The answer must be only the lines below from the one holding "text - wat de" down to the one holding "text Bulgersteyn 7003, 3011AB, toegangspui", ends included, printed exactly; please omit all pictures.
********************
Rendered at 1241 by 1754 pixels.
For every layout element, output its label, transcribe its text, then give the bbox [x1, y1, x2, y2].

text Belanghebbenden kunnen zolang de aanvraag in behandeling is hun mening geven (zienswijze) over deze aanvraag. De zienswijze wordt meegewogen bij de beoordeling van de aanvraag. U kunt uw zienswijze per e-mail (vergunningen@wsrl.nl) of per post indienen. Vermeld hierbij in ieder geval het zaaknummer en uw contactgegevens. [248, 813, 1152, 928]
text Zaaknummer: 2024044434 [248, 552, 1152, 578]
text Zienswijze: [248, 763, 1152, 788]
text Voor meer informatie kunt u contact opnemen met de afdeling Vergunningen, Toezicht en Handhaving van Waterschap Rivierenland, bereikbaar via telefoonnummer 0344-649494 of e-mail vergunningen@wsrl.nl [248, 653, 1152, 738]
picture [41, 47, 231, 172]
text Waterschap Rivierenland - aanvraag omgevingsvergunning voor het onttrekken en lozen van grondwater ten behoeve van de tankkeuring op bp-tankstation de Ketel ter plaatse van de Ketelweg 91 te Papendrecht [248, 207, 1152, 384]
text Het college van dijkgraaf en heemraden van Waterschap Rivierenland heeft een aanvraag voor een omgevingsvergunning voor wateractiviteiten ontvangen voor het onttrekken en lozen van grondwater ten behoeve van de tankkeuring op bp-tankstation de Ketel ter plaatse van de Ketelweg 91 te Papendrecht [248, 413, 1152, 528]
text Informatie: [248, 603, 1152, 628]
********************
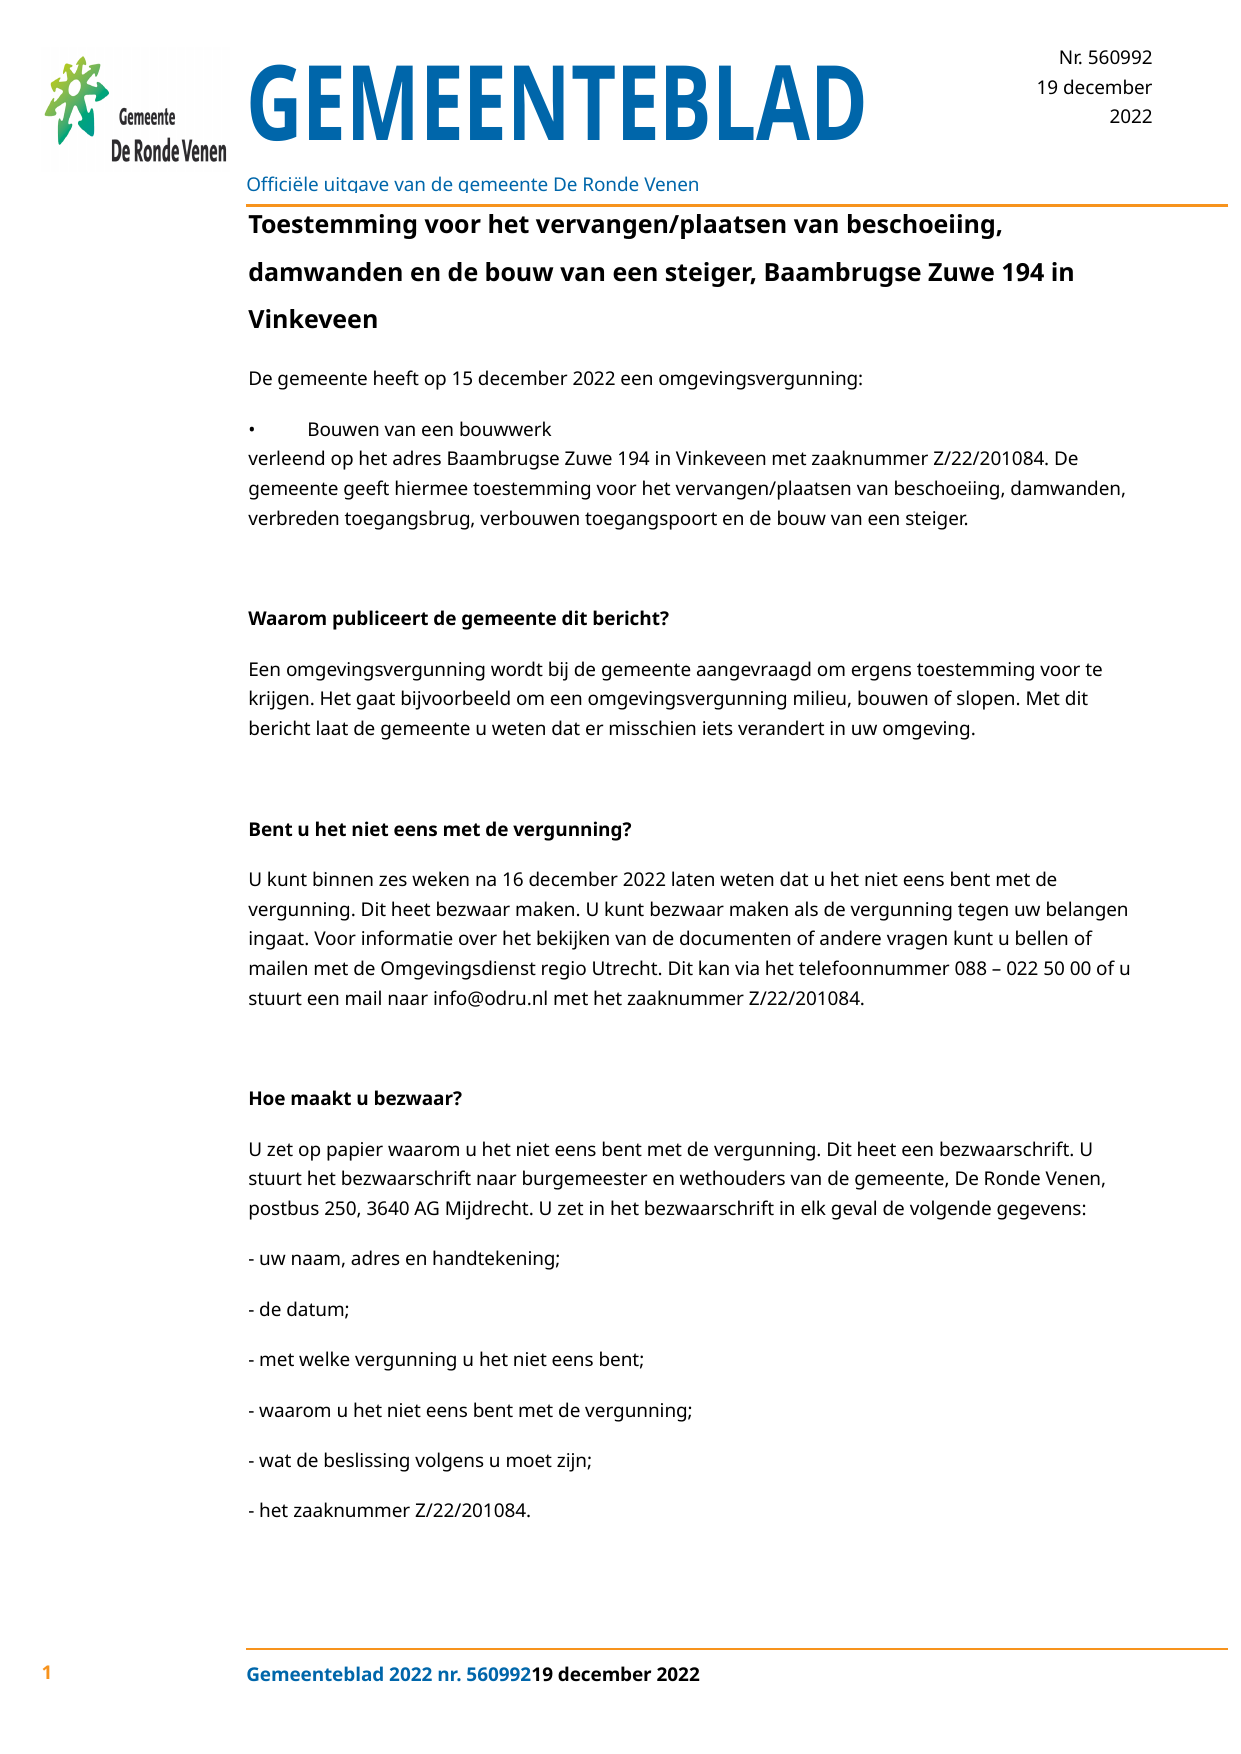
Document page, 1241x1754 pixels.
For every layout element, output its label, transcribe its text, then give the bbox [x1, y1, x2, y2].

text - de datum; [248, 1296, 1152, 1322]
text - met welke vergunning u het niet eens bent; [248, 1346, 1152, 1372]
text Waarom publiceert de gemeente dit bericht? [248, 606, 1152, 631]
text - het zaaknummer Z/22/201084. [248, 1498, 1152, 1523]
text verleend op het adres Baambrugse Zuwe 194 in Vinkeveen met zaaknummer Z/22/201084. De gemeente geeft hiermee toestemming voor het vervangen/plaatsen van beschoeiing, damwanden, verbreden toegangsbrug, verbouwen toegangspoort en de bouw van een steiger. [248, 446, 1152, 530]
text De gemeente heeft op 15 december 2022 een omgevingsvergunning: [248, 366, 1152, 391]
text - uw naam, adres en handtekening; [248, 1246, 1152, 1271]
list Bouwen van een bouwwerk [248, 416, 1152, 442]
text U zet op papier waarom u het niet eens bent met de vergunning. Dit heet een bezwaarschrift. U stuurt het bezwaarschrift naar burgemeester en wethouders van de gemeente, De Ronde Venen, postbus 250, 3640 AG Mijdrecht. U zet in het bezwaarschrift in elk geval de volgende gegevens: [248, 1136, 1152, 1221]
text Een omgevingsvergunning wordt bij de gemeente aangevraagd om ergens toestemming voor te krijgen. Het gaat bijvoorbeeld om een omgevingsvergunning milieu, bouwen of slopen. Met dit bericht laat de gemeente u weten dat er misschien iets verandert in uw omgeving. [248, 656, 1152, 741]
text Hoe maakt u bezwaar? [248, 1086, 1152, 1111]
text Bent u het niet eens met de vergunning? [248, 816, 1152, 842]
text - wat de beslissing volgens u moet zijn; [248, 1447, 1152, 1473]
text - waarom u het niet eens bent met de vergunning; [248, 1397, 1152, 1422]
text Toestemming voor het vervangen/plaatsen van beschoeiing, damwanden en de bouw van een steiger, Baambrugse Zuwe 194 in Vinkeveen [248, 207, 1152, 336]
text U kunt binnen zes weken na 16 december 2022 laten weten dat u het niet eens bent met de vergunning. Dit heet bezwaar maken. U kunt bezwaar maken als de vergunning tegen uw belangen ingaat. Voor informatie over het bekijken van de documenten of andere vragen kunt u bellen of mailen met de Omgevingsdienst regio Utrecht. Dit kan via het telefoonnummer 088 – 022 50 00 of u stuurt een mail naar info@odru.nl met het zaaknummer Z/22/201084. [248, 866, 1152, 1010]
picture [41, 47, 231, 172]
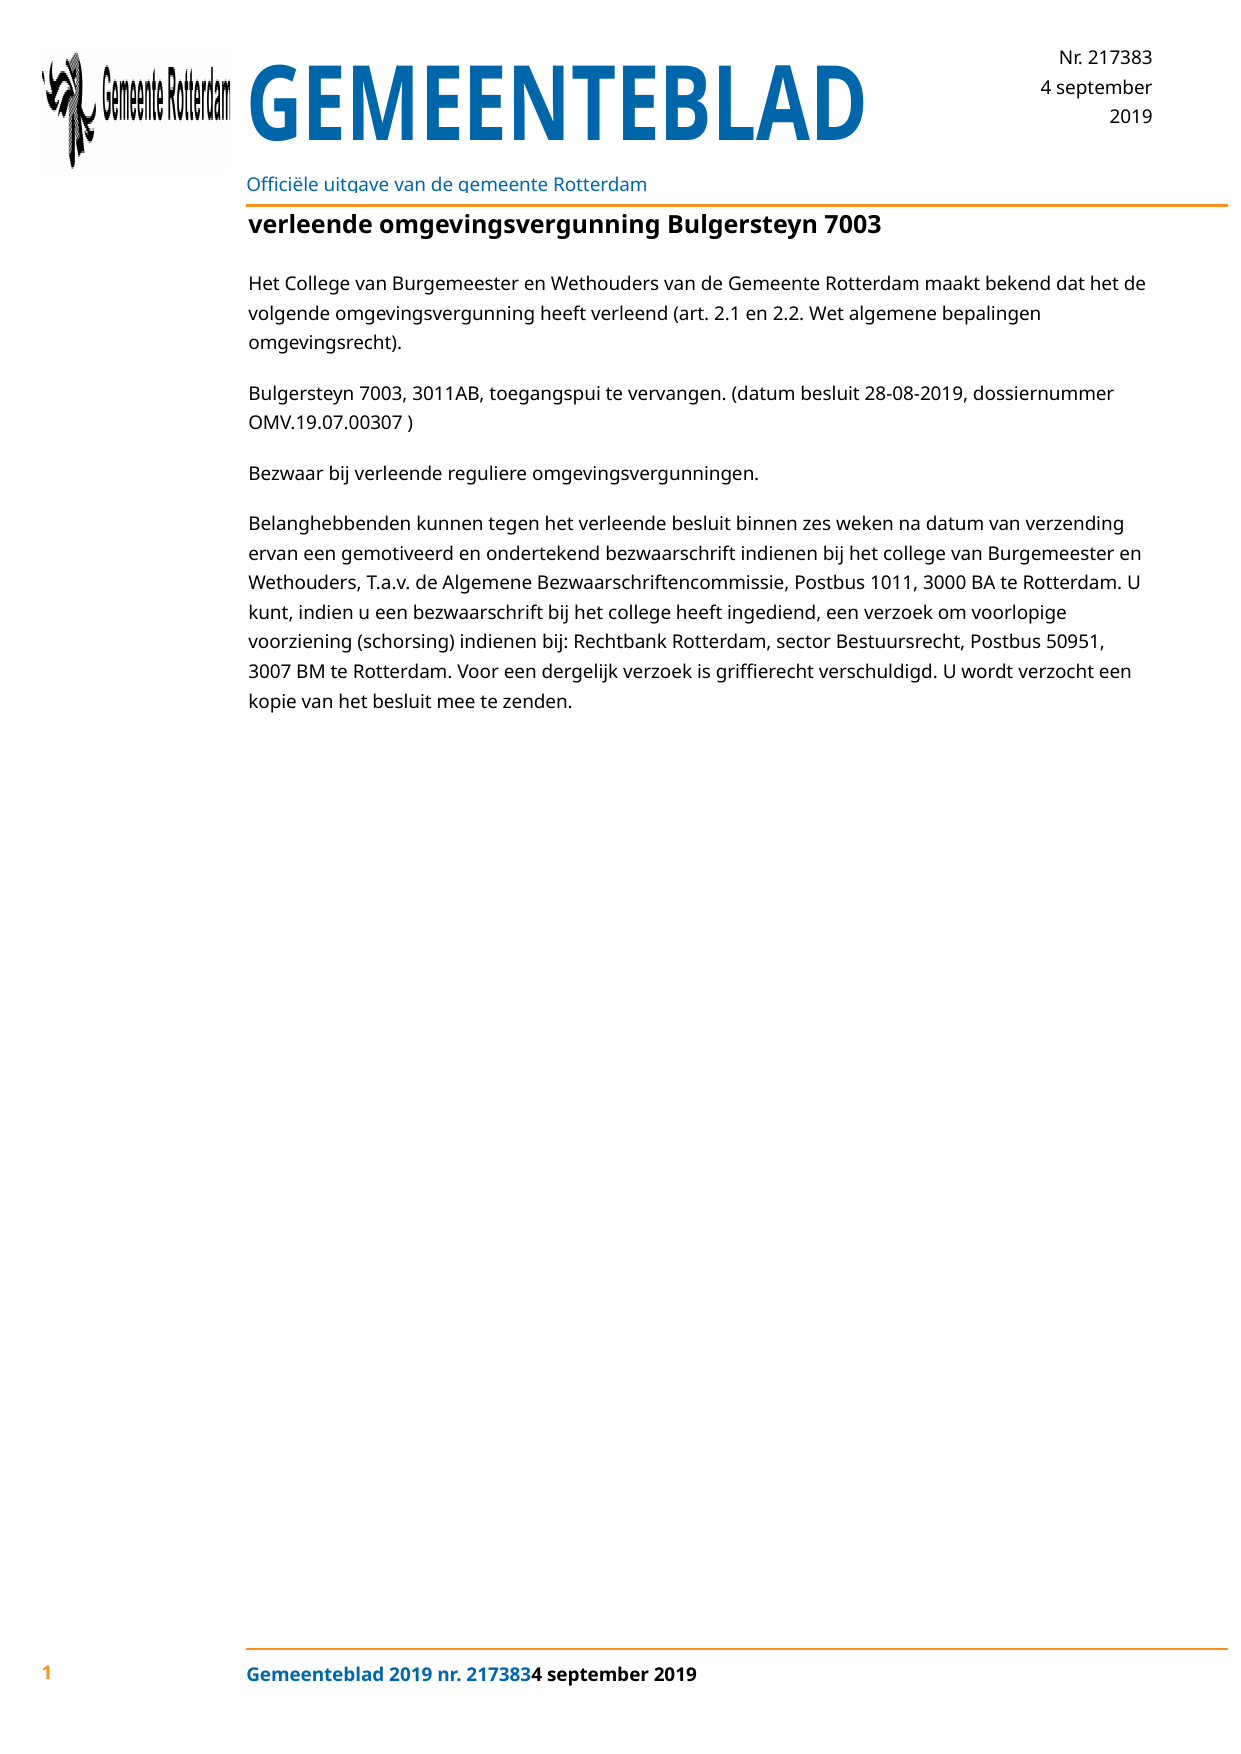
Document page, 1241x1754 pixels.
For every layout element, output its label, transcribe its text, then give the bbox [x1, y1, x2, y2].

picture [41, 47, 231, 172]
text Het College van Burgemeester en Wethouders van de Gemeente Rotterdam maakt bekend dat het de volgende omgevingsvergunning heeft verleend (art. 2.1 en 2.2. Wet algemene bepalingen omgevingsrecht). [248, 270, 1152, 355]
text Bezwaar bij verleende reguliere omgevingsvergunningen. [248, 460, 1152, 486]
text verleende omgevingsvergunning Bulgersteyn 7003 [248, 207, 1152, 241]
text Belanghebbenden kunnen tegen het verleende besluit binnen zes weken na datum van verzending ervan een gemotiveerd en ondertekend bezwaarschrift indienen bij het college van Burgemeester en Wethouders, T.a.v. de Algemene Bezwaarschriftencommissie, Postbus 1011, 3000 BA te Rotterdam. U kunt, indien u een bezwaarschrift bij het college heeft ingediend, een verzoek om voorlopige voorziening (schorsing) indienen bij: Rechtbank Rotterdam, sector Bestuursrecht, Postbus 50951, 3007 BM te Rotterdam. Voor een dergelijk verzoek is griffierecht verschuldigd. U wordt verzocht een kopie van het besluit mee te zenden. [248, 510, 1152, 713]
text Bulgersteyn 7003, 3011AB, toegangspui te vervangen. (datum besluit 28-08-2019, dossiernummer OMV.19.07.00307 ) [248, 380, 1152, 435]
********************
Final answer:
text - wat de beslissing volgens u moet zijn; [248, 1447, 1152, 1473]
text - waarom u het niet eens bent met de vergunning; [248, 1397, 1152, 1422]
text Toestemming voor het vervangen/plaatsen van beschoeiing, damwanden en de bouw van een steiger, Baambrugse Zuwe 194 in Vinkeveen [248, 207, 1152, 336]
text U kunt binnen zes weken na 16 december 2022 laten weten dat u het niet eens bent met de vergunning. Dit heet bezwaar maken. U kunt bezwaar maken als de vergunning tegen uw belangen ingaat. Voor informatie over het bekijken van de documenten of andere vragen kunt u bellen of mailen met de Omgevingsdienst regio Utrecht. Dit kan via het telefoonnummer 088 – 022 50 00 of u stuurt een mail naar info@odru.nl met het zaaknummer Z/22/201084. [248, 866, 1152, 1010]
picture [41, 47, 231, 172]
Document page, 1241x1754 pixels.
For every layout element, output its label, transcribe its text, then give the bbox [x1, y1, x2, y2].

picture [41, 47, 231, 172]
text Het College van Burgemeester en Wethouders van de Gemeente Rotterdam maakt bekend dat het de volgende omgevingsvergunning heeft verleend (art. 2.1 en 2.2. Wet algemene bepalingen omgevingsrecht). [248, 270, 1152, 355]
text Bezwaar bij verleende reguliere omgevingsvergunningen. [248, 460, 1152, 486]
text verleende omgevingsvergunning Bulgersteyn 7003 [248, 207, 1152, 241]
text Belanghebbenden kunnen tegen het verleende besluit binnen zes weken na datum van verzending ervan een gemotiveerd en ondertekend bezwaarschrift indienen bij het college van Burgemeester en Wethouders, T.a.v. de Algemene Bezwaarschriftencommissie, Postbus 1011, 3000 BA te Rotterdam. U kunt, indien u een bezwaarschrift bij het college heeft ingediend, een verzoek om voorlopige voorziening (schorsing) indienen bij: Rechtbank Rotterdam, sector Bestuursrecht, Postbus 50951, 3007 BM te Rotterdam. Voor een dergelijk verzoek is griffierecht verschuldigd. U wordt verzocht een kopie van het besluit mee te zenden. [248, 510, 1152, 713]
text Bulgersteyn 7003, 3011AB, toegangspui te vervangen. (datum besluit 28-08-2019, dossiernummer OMV.19.07.00307 ) [248, 380, 1152, 435]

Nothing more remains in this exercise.